Тогда засмеялся я. Я довольно долго смеялся. Отсмеявшись, я вышел от Елены Ивановны с таким легким сердцем, что едва не полетел. Мне самым серьезным образом показалось, что я сейчас полечу, я даже сделал над собой некоторое усилие, чтобы не полететь. Потом я оделся и отправился на улицу прогуляться. Я вышел к Никитским воротам и, повернув налево, пошел вдоль Суворовского бульвара, присматриваясь к прохожим. Мне вдруг захотелось кого-нибудь остановить и рассказать, что раньше я был ужасным дураком, а теперь мне много, очень много чего открылось.

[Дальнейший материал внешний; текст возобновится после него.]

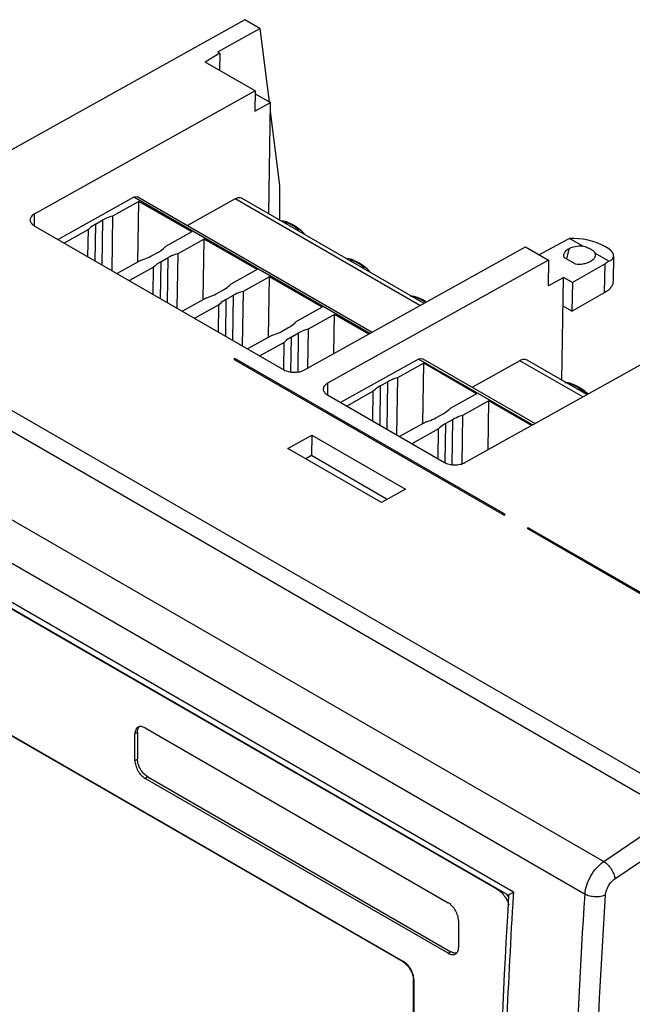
# Model space of a CAD drawing. Header units: millimetres. Extents: x 16 to 125, y 31 to 166.
# Tile 3 of 4: x 45 to 87, y 98 to 166. Entities that reach past the tile are written whole.
import ezdxf

# ---------------------------------------------------------------- set-up
doc = ezdxf.new("R2010")
doc.units = ezdxf.units.MM
doc.header["$LTSCALE"] = 12.792898
doc.layers.get('0').update_dxf_attribs({"linetype": 'CONTINUOUS'})

msp = doc.modelspace()

# ---------------------------------------------------------------- linework, layer by layer
at = {"color": 7}
for p, q in [((60.674, 166.155), (28.79, 148.39)), ((61.71, 165.557), (60.674, 166.155)), ((58.806, 163.939), (61.71, 165.557)), ((61.71, 165.557), (62.335, 160.498)), ((58.947, 163.858), (57.944, 163.234)), ((58.806, 163.939), (58.947, 163.858)), ((58.947, 163.858), (58.93, 162.665)), ((61.387, 161.246), (57.944, 163.234)), ((61.387, 161.246), (46.18, 152.772)), ((61.387, 161.246), (61.366, 159.854)), ((61.384, 161.047), (62.427, 160.445)), ((61.366, 159.854), (62.427, 160.445)), ((62.312, 152.799), (62.427, 160.445)), ((62.418, 159.831), (63.046, 154.748)), ((63.046, 154.748), (63.046, 152.375)), ((53.022, 153.927), (47.815, 151.026)), ((53.315, 153.953), (53.022, 153.927)), ((69.269, 144.547), (53.022, 153.927)), ((53.315, 153.953), (69.441, 144.643)), ((53.376, 153.643), (51.564, 152.633)), ((53.313, 149.477), (53.376, 153.643)), ((57.017, 151.541), (53.376, 153.643)), ((59.996, 153.812), (56.721, 151.987)), ((72.716, 146.468), (59.996, 153.812)), ((73.002, 146.627), (60.484, 153.854)), ((46.18, 152.772), (46.168, 151.971)), ((51.564, 152.633), (51.508, 148.894)), ((46.18, 151.97), (63.355, 142.054)), ((50.389, 152.079), (50.351, 149.562)), ((50.389, 152.079), (50.901, 152.365)), ((50.855, 149.271), (50.901, 152.365)), ((49.903, 151.708), (48.24, 150.781)), ((49.875, 149.837), (49.903, 151.708)), ((57.017, 151.541), (55.205, 150.531)), ((24.997, 150.58), (91.465, 112.205)), ((57.866, 151.051), (56.054, 150.041)), ((57.804, 146.884), (57.866, 151.051)), ((61.508, 148.948), (57.866, 151.051)), ((64.77, 142.04), (79.976, 150.514)), ((79.976, 150.514), (81.567, 149.596)), ((80.911, 149.974), (82.748, 150.962)), ((83.927, 150.556), (83.012, 151.084)), ((23.759, 149.865), (90.228, 111.491)), ((54.207, 149.874), (54.72, 150.16)), ((56.054, 150.041), (55.998, 146.302)), ((82.967, 150.367), (82.802, 149.69)), ((84.798, 149.898), (84.802, 150.051)), ((85.717, 149.523), (84.802, 150.051)), ((86.035, 148.163), (86.061, 149.882)), ((53.545, 149.606), (51.881, 148.679)), ((54.879, 149.487), (54.841, 146.97)), ((54.879, 149.487), (55.391, 149.772)), ((55.345, 146.679), (55.391, 149.772)), ((81.567, 149.596), (66.363, 141.123)), ((81.568, 149.595), (81.542, 147.824)), ((83.406, 149.342), (82.678, 149.762)), ((85.459, 149.356), (83.217, 148.06)), ((85.43, 147.379), (85.459, 149.356)), ((54.393, 149.116), (52.73, 148.189)), ((54.365, 147.245), (54.393, 149.116)), ((61.508, 148.948), (59.696, 147.939)), ((62.356, 148.458), (60.544, 147.449)), ((62.294, 144.292), (62.356, 148.458)), ((65.998, 146.356), (62.356, 148.458)), ((81.542, 147.824), (82.602, 148.415)), ((82.496, 141.328), (82.602, 148.415)), ((83.217, 148.06), (82.602, 148.415)), ((83.217, 148.06), (83.187, 146.084)), ((58.697, 147.282), (59.21, 147.568)), ((59.369, 146.894), (59.882, 147.18)), ((59.835, 144.086), (59.882, 147.18)), ((60.544, 147.449), (60.488, 143.71)), ((83.187, 146.084), (85.43, 147.379)), ((18.903, 146.571), (85.371, 108.196)), ((58.035, 147.013), (56.371, 146.086)), ((58.883, 146.523), (57.22, 145.596)), ((58.855, 144.652), (58.883, 146.523)), ((59.369, 146.894), (59.331, 144.377)), ((83.187, 146.084), (82.572, 146.439)), ((65.998, 146.356), (64.186, 145.346)), ((66.846, 145.866), (65.034, 144.856)), ((66.806, 143.175), (66.846, 145.866)), ((69.198, 144.508), (66.846, 145.866)), ((62.525, 144.421), (60.861, 143.494)), ((63.187, 144.69), (63.7, 144.975)), ((63.859, 144.302), (64.372, 144.588)), ((64.332, 141.918), (64.372, 144.588)), ((65.034, 144.856), (64.994, 142.165)), ((17.616, 144.325), (84.084, 105.951)), ((63.374, 143.931), (61.71, 143.004)), ((63.345, 142.054), (63.374, 143.931)), ((63.859, 144.302), (63.823, 141.914)), ((75.815, 135.663), (91.022, 144.137)), ((59.969, 142.743), (59.969, 142.855)), ((59.969, 142.855), (78.552, 132.126)), ((78.552, 132.014), (59.969, 142.743)), ((72.632, 142.788), (67.265, 139.797)), ((72.979, 142.508), (71.167, 141.498)), ((72.925, 142.813), (72.632, 142.788)), ((80.475, 138.26), (72.632, 142.788)), ((72.916, 138.341), (72.979, 142.508)), ((72.925, 142.813), (80.647, 138.355)), ((76.62, 140.405), (72.979, 142.508)), ((79.606, 142.672), (76.331, 140.847)), ((83.922, 140.181), (79.606, 142.672)), ((84.208, 140.34), (80.094, 142.715)), ((66.361, 141.121), (66.349, 140.319)), ((69.992, 140.944), (70.504, 141.229)), ((70.455, 137.955), (70.504, 141.229)), ((71.167, 141.498), (71.108, 137.578)), ((69.506, 140.573), (67.682, 139.556)), ((69.475, 138.521), (69.506, 140.573)), ((69.992, 140.944), (69.951, 138.246)), ((76.62, 140.405), (74.808, 139.396)), ((66.361, 140.319), (74.401, 135.677)), ((77.469, 139.915), (75.657, 138.906)), ((77.419, 136.557), (77.469, 139.915)), ((80.404, 138.221), (77.469, 139.915)), ((73.81, 138.739), (74.323, 139.025)), ((79.151, 106.089), (22.228, 138.952)), ((73.148, 138.47), (71.324, 137.454)), ((74.482, 138.351), (74.442, 135.677)), ((74.482, 138.351), (74.994, 138.637)), ((74.948, 135.514), (74.994, 138.637)), ((75.657, 138.906), (75.607, 135.605)), ((22.968, 138.127), (78.822, 105.88)), ((73.996, 137.98), (72.172, 136.964)), ((73.965, 135.929), (73.996, 137.98)), ((63.632, 136.633), (65.272, 137.547)), ((65.272, 137.547), (65.251, 136.144)), ((65.272, 137.547), (71.721, 133.823)), ((24.997, 136.912), (78.03, 106.294)), ((70.081, 132.91), (63.632, 136.633)), ((65.251, 136.144), (64.858, 135.925)), ((70.474, 133.129), (65.251, 136.144)), ((71.721, 133.823), (70.081, 132.91)), ((78.552, 132.126), (78.552, 132.014)), ((80.15, 131.092), (80.15, 131.203)), ((80.15, 131.203), (89.604, 125.745)), ((89.604, 125.634), (80.15, 131.092)), ((71.56, 101.284), (31.396, 124.472)), ((31.432, 124.493), (71.595, 101.305)), ((53.812, 117.394), (74.671, 105.35)), ((53.281, 117.087), (53.104, 116.985)), ((53.104, 115.148), (53.104, 116.985)), ((53.281, 117.087), (53.281, 115.25)), ((53.104, 115.148), (53.281, 115.25)), ((53.988, 114.026), (53.812, 113.923)), ((74.671, 101.88), (53.812, 113.923)), ((53.988, 114.026), (74.848, 101.982)), ((85.371, 108.196), (90.228, 111.491)), ((86.14, 107.01), (90.935, 110.263)), ((78.03, 106.294), (78.068, 106.316)), ((79.151, 106.089), (79.137, 105.865)), ((79.151, 106.089), (79.14, 105.866)), ((75.378, 104.126), (75.378, 102.289)), ((74.671, 101.88), (74.848, 101.982)), ((71.56, 101.284), (71.595, 101.305)), ((72.302, 100.08), (72.267, 100.06)), ((72.267, 56.581), (72.267, 100.06)), ((72.302, 100.08), (72.302, 56.601))]:
    msp.add_line(p, q, dxfattribs=at)
for centre, radius, start, end in [((62.357, 149.304), 3.117, 57.37794, 59.98194), ((66.847, 146.712), 3.117, 57.37794, 59.98194), ((71.457, 144.326), 2.879, 59.98306, 62.85132), ((71.337, 144.12), 3.117, 57.37794, 59.98194), ((71.232, 143.954), 3.313, 56.16856, 57.39231), ((82.079, 138.376), 2.879, 59.98306, 62.85132), ((81.96, 138.169), 3.117, 57.37794, 59.98194), ((81.334, 137.322), 4.172, 46.93428, 50.20386), ((53.672, 117.237), 0.359, 135.27212, 137.39222), ((76.817, 104.576), 2.12, 33.49678, 35.19602), ((76.97, 104.662), 2.15, 30.34775, 35.18461), ((75.168, 102.27), 0.384, 274.52662, 282.53425)]:
    msp.add_arc(centre, radius, start, end, dxfattribs=at)
for centre, major_axis, ratio, start_param, end_param in [((84.123, 150.255), (1.931, -0.431), 0.372952, -0.522258, 2.264557), ((83.207, 149.935), (0.604, 0.014), 0.566493, 2.998706, 3.630535)]:
    msp.add_ellipse(centre, major_axis=major_axis, ratio=ratio, start_param=start_param, end_param=end_param, dxfattribs=at)
for points, knots in [([(60.484, 153.854), (60.452, 153.873), (60.378, 153.9), (60.255, 153.904), (60.125, 153.875), (60.039, 153.836), (59.996, 153.812)], [0, 0, 0, 0, 0.218706, 0.452263, 0.711484, 1, 1, 1, 1]), ([(46.18, 152.772), (46.136, 152.748), (46.058, 152.696), (45.963, 152.6), (45.902, 152.493), (45.888, 152.416), (45.887, 152.379)], [0, 0, 0, 0, 0.290571, 0.550394, 0.783101, 1, 1, 1, 1]), ([(51.564, 152.633), (51.504, 152.616), (51.276, 152.545), (51.055, 152.45), (50.901, 152.365)], [0, 0, 0, 0, 0.26214, 1, 1, 1, 1]), ([(45.887, 152.379), (45.886, 152.341), (45.9, 152.262), (45.96, 152.151), (46.055, 152.051), (46.136, 151.996), (46.18, 151.97)], [0, 0, 0, 0, 0.215929, 0.448222, 0.70841, 1, 1, 1, 1]), ([(50.389, 152.079), (50.341, 152.052), (50.166, 151.947), (50.005, 151.818), (49.903, 151.708)], [0, 0, 0, 0, 0.26696, 1, 1, 1, 1]), ([(64.772, 151.421), (64.546, 151.647), (64.077, 152.026), (63.512, 152.259), (63.238, 152.305)], [0, 0, 0, 0, 0.534532, 1, 1, 1, 1]), ([(63.916, 152.003), (63.876, 152.027), (63.72, 152.112), (63.555, 152.183), (63.43, 152.223)], [0, 0, 0, 0, 0.260411, 1, 1, 1, 1]), ([(64.401, 151.663), (64.371, 151.687), (64.254, 151.782), (64.132, 151.87), (64.037, 151.93)], [0, 0, 0, 0, 0.256387, 1, 1, 1, 1]), ([(54.72, 150.16), (54.767, 150.187), (54.942, 150.292), (55.104, 150.421), (55.205, 150.531)], [0, 0, 0, 0, 0.26696, 1, 1, 1, 1]), ([(82.748, 150.962), (82.769, 150.973), (82.854, 151.019), (82.943, 151.058), (83.012, 151.084)], [0, 0, 0, 0, 0.242204, 1, 1, 1, 1]), ([(83.927, 150.556), (83.754, 150.569), (83.421, 150.548), (83.104, 150.442), (82.967, 150.367)], [0, 0, 0, 0, 0.526333, 1, 1, 1, 1]), ([(84.802, 150.051), (84.782, 150.105), (84.69, 150.215), (84.494, 150.348), (84.232, 150.468), (84.033, 150.53), (83.927, 150.556)], [0, 0, 0, 0, 0.166714, 0.398354, 0.68427, 1, 1, 1, 1]), ([(53.545, 149.606), (53.605, 149.623), (53.833, 149.694), (54.053, 149.789), (54.207, 149.874)], [0, 0, 0, 0, 0.26214, 1, 1, 1, 1]), ([(56.054, 150.041), (55.994, 150.024), (55.766, 149.953), (55.545, 149.858), (55.391, 149.772)], [0, 0, 0, 0, 0.26214, 1, 1, 1, 1]), ([(82.967, 150.367), (82.921, 150.342), (82.836, 150.288), (82.728, 150.193), (82.649, 150.087), (82.618, 150.009), (82.609, 149.97)], [0, 0, 0, 0, 0.285537, 0.546404, 0.782825, 1, 1, 1, 1]), ([(84.448, 149.507), (84.493, 149.533), (84.575, 149.586), (84.708, 149.705), (84.779, 149.819), (84.798, 149.898)], [0, 0, 0, 0, 0.285209, 0.546728, 1, 1, 1, 1]), ([(54.879, 149.487), (54.831, 149.46), (54.656, 149.355), (54.495, 149.225), (54.393, 149.116)], [0, 0, 0, 0, 0.26696, 1, 1, 1, 1]), ([(69.262, 148.829), (69.036, 149.054), (68.568, 149.433), (68.002, 149.666), (67.728, 149.713)], [0, 0, 0, 0, 0.534532, 1, 1, 1, 1]), ([(68.407, 149.411), (68.366, 149.434), (68.21, 149.52), (68.045, 149.59), (67.92, 149.631)], [0, 0, 0, 0, 0.260411, 1, 1, 1, 1]), ([(68.891, 149.07), (68.862, 149.095), (68.745, 149.19), (68.622, 149.277), (68.528, 149.338)], [0, 0, 0, 0, 0.256387, 1, 1, 1, 1]), ([(83.406, 149.342), (83.591, 149.316), (83.873, 149.318), (84.22, 149.401), (84.378, 149.468), (84.448, 149.507)], [0, 0, 0, 0, 0.524285, 0.773191, 1, 1, 1, 1]), ([(85.717, 149.523), (85.698, 149.507), (85.616, 149.445), (85.528, 149.392), (85.459, 149.356)], [0, 0, 0, 0, 0.239562, 1, 1, 1, 1]), ([(59.21, 147.568), (59.257, 147.594), (59.432, 147.699), (59.594, 147.829), (59.696, 147.939)], [0, 0, 0, 0, 0.26696, 1, 1, 1, 1]), ([(85.43, 147.379), (85.519, 147.426), (85.681, 147.529), (85.877, 147.72), (86.003, 147.933), (86.034, 148.089), (86.035, 148.163)], [0, 0, 0, 0, 0.292265, 0.552468, 0.784544, 1, 1, 1, 1]), ([(58.035, 147.013), (58.095, 147.03), (58.323, 147.102), (58.544, 147.196), (58.697, 147.282)], [0, 0, 0, 0, 0.26214, 1, 1, 1, 1]), ([(60.544, 147.449), (60.484, 147.432), (60.256, 147.36), (60.035, 147.266), (59.882, 147.18)], [0, 0, 0, 0, 0.26214, 1, 1, 1, 1]), ([(72.41, 147.039), (72.382, 147.048), (72.272, 147.081), (72.159, 147.105), (72.074, 147.116)], [0, 0, 0, 0, 0.258194, 1, 1, 1, 1]), ([(73.099, 146.764), (73.027, 146.809), (72.752, 146.968), (72.448, 147.081), (72.218, 147.121)], [0, 0, 0, 0, 0.266304, 1, 1, 1, 1]), ([(59.369, 146.894), (59.321, 146.868), (59.146, 146.763), (58.985, 146.633), (58.883, 146.523)], [0, 0, 0, 0, 0.26696, 1, 1, 1, 1]), ([(72.77, 146.888), (72.74, 146.903), (72.623, 146.96), (72.502, 147.009), (72.41, 147.039)], [0, 0, 0, 0, 0.257911, 1, 1, 1, 1]), ([(63.7, 144.975), (63.748, 145.002), (63.923, 145.107), (64.084, 145.236), (64.186, 145.346)], [0, 0, 0, 0, 0.26696, 1, 1, 1, 1]), ([(62.525, 144.421), (62.585, 144.438), (62.813, 144.509), (63.034, 144.604), (63.187, 144.69)], [0, 0, 0, 0, 0.26214, 1, 1, 1, 1]), ([(65.034, 144.856), (64.974, 144.839), (64.746, 144.768), (64.526, 144.673), (64.372, 144.588)], [0, 0, 0, 0, 0.26214, 1, 1, 1, 1]), ([(63.859, 144.302), (63.812, 144.275), (63.637, 144.17), (63.475, 144.041), (63.374, 143.931)], [0, 0, 0, 0, 0.26696, 1, 1, 1, 1]), ([(80.094, 142.715), (80.062, 142.733), (79.988, 142.761), (79.865, 142.765), (79.735, 142.735), (79.649, 142.696), (79.606, 142.672)], [0, 0, 0, 0, 0.218706, 0.452263, 0.711484, 1, 1, 1, 1]), ([(63.355, 142.054), (63.456, 141.996), (63.689, 141.911), (64.062, 141.867), (64.435, 141.903), (64.669, 141.984), (64.77, 142.04)], [0, 0, 0, 0, 0.237805, 0.501106, 0.763807, 1, 1, 1, 1]), ([(66.363, 141.123), (66.319, 141.099), (66.24, 141.046), (66.145, 140.95), (66.083, 140.843), (66.068, 140.765), (66.068, 140.728)], [0, 0, 0, 0, 0.290544, 0.550471, 0.783207, 1, 1, 1, 1]), ([(71.167, 141.498), (71.107, 141.481), (70.879, 141.41), (70.658, 141.315), (70.504, 141.229)], [0, 0, 0, 0, 0.26214, 1, 1, 1, 1]), ([(83.033, 141.088), (83.005, 141.097), (82.895, 141.13), (82.782, 141.154), (82.697, 141.165)], [0, 0, 0, 0, 0.258194, 1, 1, 1, 1]), ([(84.271, 140.386), (84.057, 140.586), (83.616, 140.921), (83.094, 141.127), (82.841, 141.17)], [0, 0, 0, 0, 0.532584, 1, 1, 1, 1]), ([(83.393, 140.937), (83.363, 140.952), (83.246, 141.01), (83.125, 141.058), (83.033, 141.088)], [0, 0, 0, 0, 0.257911, 1, 1, 1, 1]), ([(66.068, 140.728), (66.067, 140.69), (66.08, 140.611), (66.141, 140.5), (66.236, 140.4), (66.316, 140.345), (66.361, 140.319)], [0, 0, 0, 0, 0.215934, 0.448226, 0.70841, 1, 1, 1, 1]), ([(69.992, 140.944), (69.944, 140.917), (69.769, 140.812), (69.608, 140.682), (69.506, 140.573)], [0, 0, 0, 0, 0.26696, 1, 1, 1, 1]), ([(84.004, 140.527), (83.974, 140.552), (83.857, 140.647), (83.735, 140.734), (83.64, 140.794)], [0, 0, 0, 0, 0.256387, 1, 1, 1, 1]), ([(74.323, 139.025), (74.37, 139.051), (74.545, 139.156), (74.707, 139.286), (74.808, 139.396)], [0, 0, 0, 0, 0.26696, 1, 1, 1, 1]), ([(73.148, 138.47), (73.208, 138.487), (73.435, 138.559), (73.656, 138.653), (73.81, 138.739)], [0, 0, 0, 0, 0.26214, 1, 1, 1, 1]), ([(74.482, 138.351), (74.434, 138.325), (74.259, 138.22), (74.098, 138.09), (73.996, 137.98)], [0, 0, 0, 0, 0.26696, 1, 1, 1, 1]), ([(75.657, 138.906), (75.597, 138.889), (75.369, 138.817), (75.148, 138.723), (74.994, 138.637)], [0, 0, 0, 0, 0.26214, 1, 1, 1, 1]), ([(74.401, 135.677), (74.501, 135.619), (74.734, 135.534), (75.107, 135.491), (75.48, 135.526), (75.714, 135.607), (75.815, 135.663)], [0, 0, 0, 0, 0.237805, 0.501106, 0.763807, 1, 1, 1, 1]), ([(53.312, 117.443), (53.279, 117.424), (53.217, 117.372), (53.151, 117.265), (53.112, 117.132), (53.104, 117.036), (53.104, 116.985)], [0, 0, 0, 0, 0.217745, 0.450883, 0.71046, 1, 1, 1, 1]), ([(53.281, 117.087), (53.281, 117.163), (53.297, 117.304), (53.364, 117.433), (53.407, 117.48)], [0, 0, 0, 0, 0.542406, 1, 1, 1, 1]), ([(53.812, 117.394), (53.768, 117.419), (53.68, 117.46), (53.546, 117.493), (53.42, 117.49), (53.345, 117.462), (53.312, 117.443)], [0, 0, 0, 0, 0.289539, 0.549116, 0.782254, 1, 1, 1, 1]), ([(53.988, 114.026), (53.888, 114.083), (53.698, 114.243), (53.476, 114.546), (53.325, 114.89), (53.281, 115.134), (53.281, 115.25)], [0, 0, 0, 0, 0.237252, 0.499999, 0.762746, 1, 1, 1, 1]), ([(53.104, 115.148), (53.104, 115.032), (53.148, 114.788), (53.3, 114.444), (53.521, 114.141), (53.711, 113.981), (53.812, 113.923)], [0, 0, 0, 0, 0.237254, 0.500001, 0.762748, 1, 1, 1, 1]), ([(84.084, 105.951), (84.098, 106.162), (84.191, 106.601), (84.469, 107.22), (84.863, 107.773), (85.195, 108.077), (85.371, 108.196)], [0, 0, 0, 0, 0.239258, 0.499305, 0.759744, 1, 1, 1, 1]), ([(85.371, 108.196), (85.472, 108.138), (85.665, 107.981), (85.899, 107.688), (86.07, 107.358), (86.131, 107.122), (86.14, 107.01)], [0, 0, 0, 0, 0.240033, 0.505485, 0.768011, 1, 1, 1, 1]), ([(85.497, 105.887), (85.503, 105.993), (85.55, 106.213), (85.689, 106.522), (85.886, 106.799), (86.052, 106.95), (86.14, 107.01)], [0, 0, 0, 0, 0.239263, 0.499358, 0.759797, 1, 1, 1, 1]), ([(78.822, 105.882), (78.148, 94.331), (77.451, 71.583), (78.125, 48.831), (78.824, 37.677)], [0, 0, 0, 0, 0.508667, 1, 1, 1, 1]), ([(78.03, 106.294), (78.129, 106.236), (78.321, 106.086), (78.477, 105.901), (78.55, 105.798)], [0, 0, 0, 0, 0.47552, 1, 1, 1, 1]), ([(79.137, 105.865), (78.963, 102.909), (78.357, 91.23), (78.087, 79.534), (78.087, 70.8)], [0, 0, 0, 0, 0.253181, 1, 1, 1, 1]), ([(78.822, 105.882), (78.822, 105.883), (78.824, 105.886), (78.832, 105.893), (78.85, 105.906), (78.879, 105.926), (78.917, 105.95), (78.964, 105.979), (79.043, 106.026), (79.106, 106.063), (79.151, 106.089)], [0, 0, 0, 0, 0.009415, 0.027151, 0.087252, 0.177512, 0.295333, 0.438404, 0.604648, 1, 1, 1, 1]), ([(82.86, 68.045), (82.86, 71.162), (82.964, 83.805), (83.481, 96.444), (84.084, 105.951)], [0, 0, 0, 0, 0.24658, 1, 1, 1, 1]), ([(85.497, 105.887), (85.395, 105.838), (85.16, 105.77), (84.789, 105.75), (84.418, 105.804), (84.185, 105.892), (84.084, 105.951)], [0, 0, 0, 0, 0.232589, 0.495067, 0.760244, 1, 1, 1, 1]), ([(85.497, 31.614), (84.666, 43.736), (83.867, 68.516), (84.696, 93.292), (85.497, 105.887)], [0, 0, 0, 0, 0.490505, 1, 1, 1, 1]), ([(75.378, 104.126), (75.378, 104.242), (75.335, 104.486), (75.183, 104.83), (74.962, 105.133), (74.772, 105.293), (74.671, 105.35)], [0, 0, 0, 0, 0.237254, 0.500001, 0.762748, 1, 1, 1, 1]), ([(78.585, 105.746), (78.613, 105.705), (78.714, 105.54), (78.794, 105.361), (78.837, 105.222)], [0, 0, 0, 0, 0.253015, 1, 1, 1, 1]), ([(74.671, 101.88), (74.715, 101.855), (74.802, 101.814), (74.937, 101.781), (75.063, 101.784), (75.138, 101.812), (75.171, 101.831)], [0, 0, 0, 0, 0.289539, 0.549116, 0.782254, 1, 1, 1, 1]), ([(75.198, 101.887), (75.171, 101.885), (75.048, 101.888), (74.93, 101.935), (74.848, 101.982)], [0, 0, 0, 0, 0.224717, 1, 1, 1, 1]), ([(75.171, 101.831), (75.204, 101.85), (75.266, 101.902), (75.332, 102.009), (75.371, 102.142), (75.378, 102.238), (75.378, 102.289)], [0, 0, 0, 0, 0.217745, 0.450883, 0.71046, 1, 1, 1, 1]), ([(71.56, 101.284), (71.66, 101.226), (71.85, 101.066), (72.072, 100.763), (72.224, 100.42), (72.267, 100.175), (72.267, 100.06)], [0, 0, 0, 0, 0.237252, 0.499999, 0.762746, 1, 1, 1, 1]), ([(72.302, 100.08), (72.302, 100.196), (72.259, 100.44), (72.107, 100.784), (71.886, 101.087), (71.696, 101.247), (71.595, 101.305)], [0, 0, 0, 0, 0.237254, 0.500001, 0.762748, 1, 1, 1, 1])]:
    msp.add_open_spline(points, degree=3, knots=knots, dxfattribs=at)

doc.saveas('drawing.dxf')

Так мне этого захотелось, что я взял и остановил одного прохожего.
— Видите ли, — сказал я, — у Твардовского есть слова: «…этим странным и довольно обременительным аппаратом — душой». Не правда ли, хорошо? Можно с вами об этом поговорить?
Прохожий ничего не ответил. Он обошел меня стороной и вдруг побежал. Даже трудно сказать, как это меня огорчило. У меня появилось такое чувство, какое бывает, когда в хороший весенний день солнце зайдет за тучу, и на душе станет пасмурно, тяжело.
Я гулял по Суворовскому бульвару еще два часа, прохаживаясь то туда, то сюда, а неприятное чувство все щемило меня, щемило. И тут… тут со мной произошло одно маленькое происшествие, которое меня удивило, но прямо скажу, сверхъестественным вовсе не показалось. Я уже собирался домой, когда шагах в двадцати впереди себя я увидел до боли знакомую спину. Она выглядела поразительно знакомой, даже родной и возбуждала трогательное чувство. Я поспешил, чтобы нагнать человека с родной спиной и, когда почти поравнялся с ним, этот человек, видимо, заслышав мои шаги, обернулся и посмотрел мне в глаза. Я сразу узнал эти глаза, большой нос и губы, которые остановились в полуулыбке. Странно сказать, но это был я…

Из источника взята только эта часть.